__WORK REQUEST__
Restate word for word, and only, the lines that extend from the line containing "text 5. Το δικαίωμα" through the end of the records below.

»»

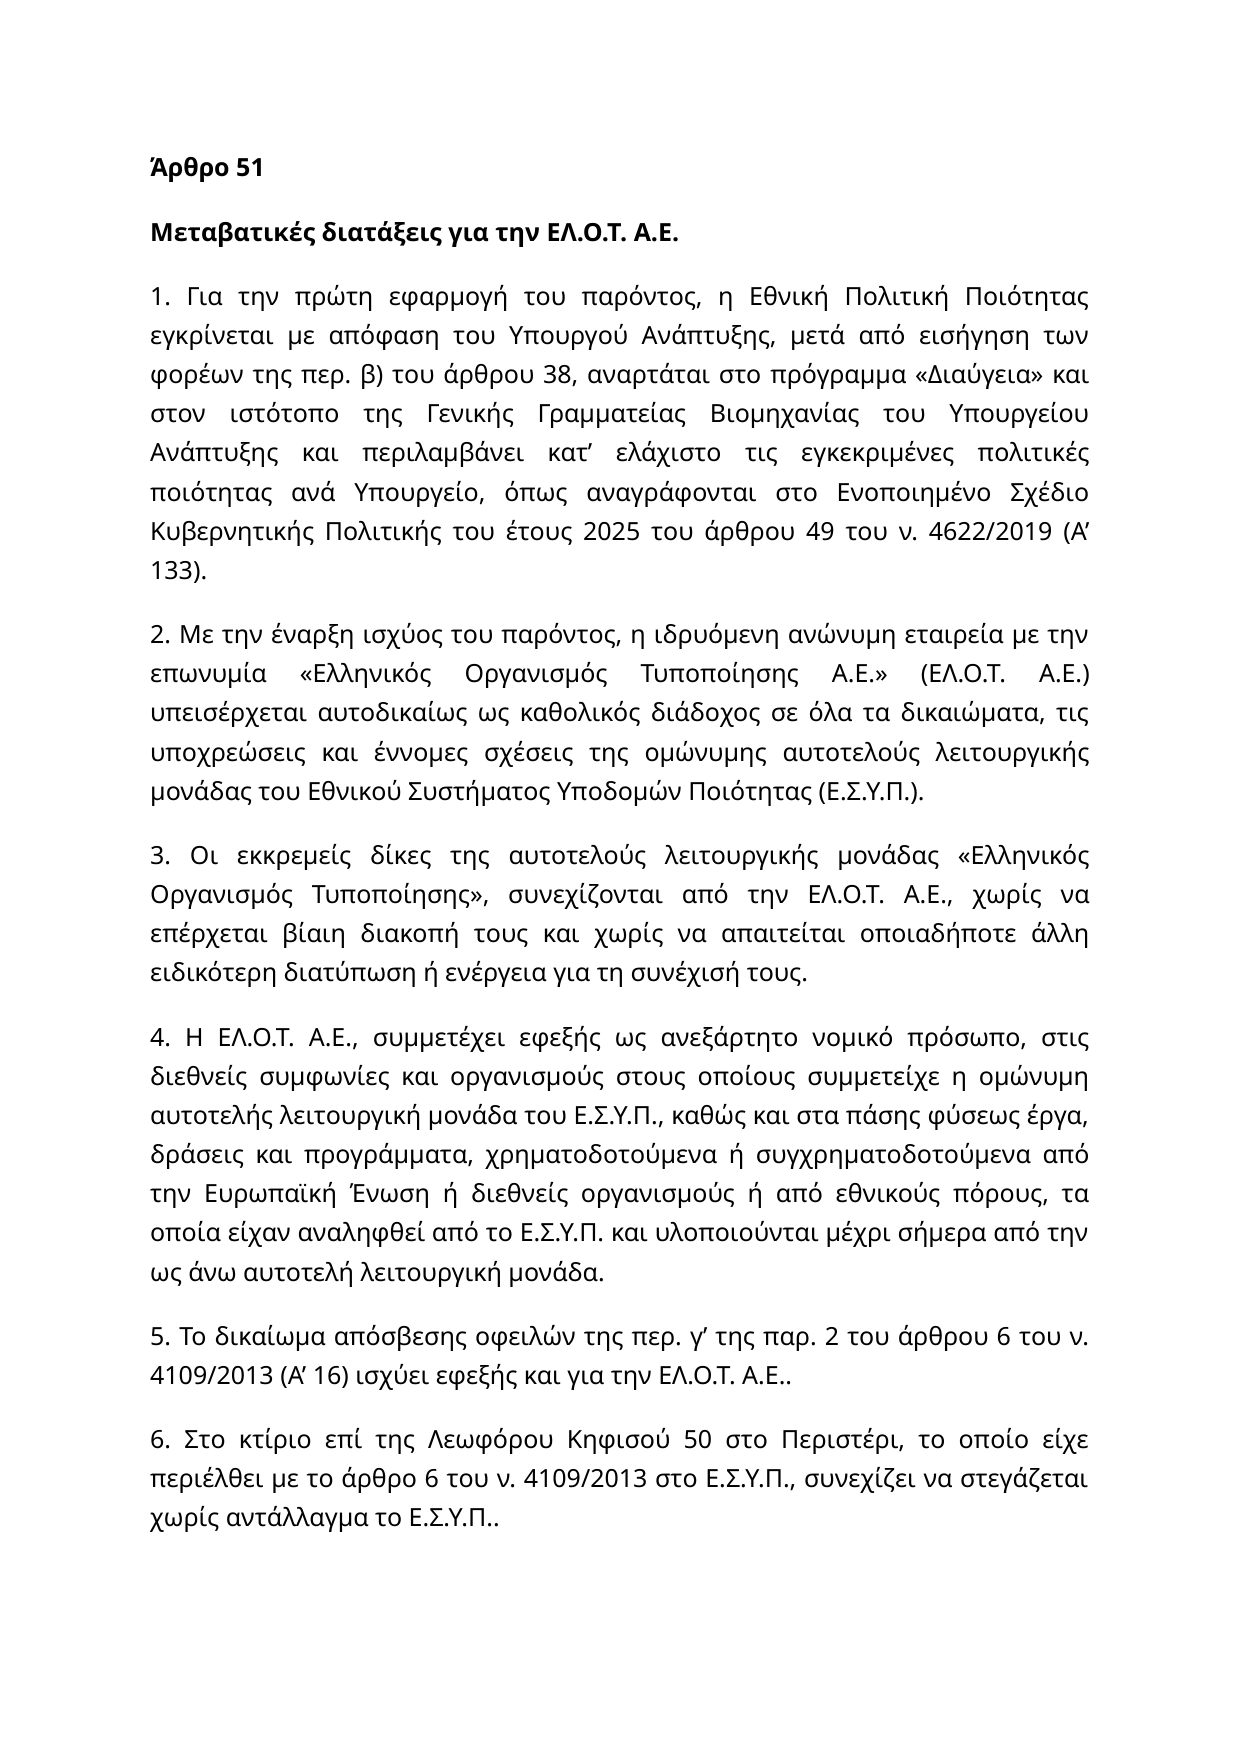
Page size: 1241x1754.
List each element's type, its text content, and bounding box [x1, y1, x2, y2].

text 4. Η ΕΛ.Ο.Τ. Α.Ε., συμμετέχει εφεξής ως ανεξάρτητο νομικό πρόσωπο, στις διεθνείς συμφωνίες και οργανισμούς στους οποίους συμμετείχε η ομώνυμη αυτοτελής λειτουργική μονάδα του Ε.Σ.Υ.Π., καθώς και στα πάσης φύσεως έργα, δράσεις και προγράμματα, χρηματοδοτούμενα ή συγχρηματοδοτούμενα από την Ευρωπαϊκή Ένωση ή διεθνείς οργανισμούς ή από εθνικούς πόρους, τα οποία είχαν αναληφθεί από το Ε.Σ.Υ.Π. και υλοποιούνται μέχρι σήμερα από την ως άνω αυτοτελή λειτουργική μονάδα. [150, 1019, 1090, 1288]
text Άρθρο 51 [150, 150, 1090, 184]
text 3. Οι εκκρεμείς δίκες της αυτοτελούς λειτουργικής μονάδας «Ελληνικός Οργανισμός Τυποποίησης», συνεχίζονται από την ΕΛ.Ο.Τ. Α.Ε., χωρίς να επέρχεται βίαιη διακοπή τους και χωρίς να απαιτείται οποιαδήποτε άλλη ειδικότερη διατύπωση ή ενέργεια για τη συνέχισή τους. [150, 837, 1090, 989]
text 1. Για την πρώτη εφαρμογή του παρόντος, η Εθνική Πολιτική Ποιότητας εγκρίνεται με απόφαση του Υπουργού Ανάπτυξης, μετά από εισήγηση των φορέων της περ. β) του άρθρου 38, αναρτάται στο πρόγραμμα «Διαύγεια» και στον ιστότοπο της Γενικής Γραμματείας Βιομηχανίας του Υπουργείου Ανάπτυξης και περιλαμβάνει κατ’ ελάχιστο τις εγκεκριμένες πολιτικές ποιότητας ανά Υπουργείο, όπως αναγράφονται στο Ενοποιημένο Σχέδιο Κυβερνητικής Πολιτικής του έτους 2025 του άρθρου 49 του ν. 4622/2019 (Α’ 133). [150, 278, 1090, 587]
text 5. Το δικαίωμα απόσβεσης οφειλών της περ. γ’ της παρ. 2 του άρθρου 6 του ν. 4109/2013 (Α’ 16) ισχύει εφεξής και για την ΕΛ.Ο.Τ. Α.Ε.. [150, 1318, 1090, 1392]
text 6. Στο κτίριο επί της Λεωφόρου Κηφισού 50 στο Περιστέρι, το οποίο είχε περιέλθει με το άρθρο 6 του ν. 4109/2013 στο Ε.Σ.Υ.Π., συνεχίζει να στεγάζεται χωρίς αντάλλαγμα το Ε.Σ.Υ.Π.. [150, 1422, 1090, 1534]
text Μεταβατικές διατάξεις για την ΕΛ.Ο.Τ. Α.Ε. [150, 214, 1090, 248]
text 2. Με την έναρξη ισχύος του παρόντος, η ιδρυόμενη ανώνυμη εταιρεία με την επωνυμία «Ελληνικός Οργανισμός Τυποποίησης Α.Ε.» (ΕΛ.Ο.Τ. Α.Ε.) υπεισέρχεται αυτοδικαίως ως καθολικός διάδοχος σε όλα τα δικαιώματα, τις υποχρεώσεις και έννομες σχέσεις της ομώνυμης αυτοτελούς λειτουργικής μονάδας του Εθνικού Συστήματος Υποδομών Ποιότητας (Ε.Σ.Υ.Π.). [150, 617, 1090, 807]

««

__RESULT__
text 5. Το δικαίωμα απόσβεσης οφειλών της περ. γ’ της παρ. 2 του άρθρου 6 του ν. 4109/2013 (Α’ 16) ισχύει εφεξής και για την ΕΛ.Ο.Τ. Α.Ε.. [150, 1318, 1090, 1392]
text 6. Στο κτίριο επί της Λεωφόρου Κηφισού 50 στο Περιστέρι, το οποίο είχε περιέλθει με το άρθρο 6 του ν. 4109/2013 στο Ε.Σ.Υ.Π., συνεχίζει να στεγάζεται χωρίς αντάλλαγμα το Ε.Σ.Υ.Π.. [150, 1422, 1090, 1534]
text Μεταβατικές διατάξεις για την ΕΛ.Ο.Τ. Α.Ε. [150, 214, 1090, 248]
text 2. Με την έναρξη ισχύος του παρόντος, η ιδρυόμενη ανώνυμη εταιρεία με την επωνυμία «Ελληνικός Οργανισμός Τυποποίησης Α.Ε.» (ΕΛ.Ο.Τ. Α.Ε.) υπεισέρχεται αυτοδικαίως ως καθολικός διάδοχος σε όλα τα δικαιώματα, τις υποχρεώσεις και έννομες σχέσεις της ομώνυμης αυτοτελούς λειτουργικής μονάδας του Εθνικού Συστήματος Υποδομών Ποιότητας (Ε.Σ.Υ.Π.). [150, 617, 1090, 807]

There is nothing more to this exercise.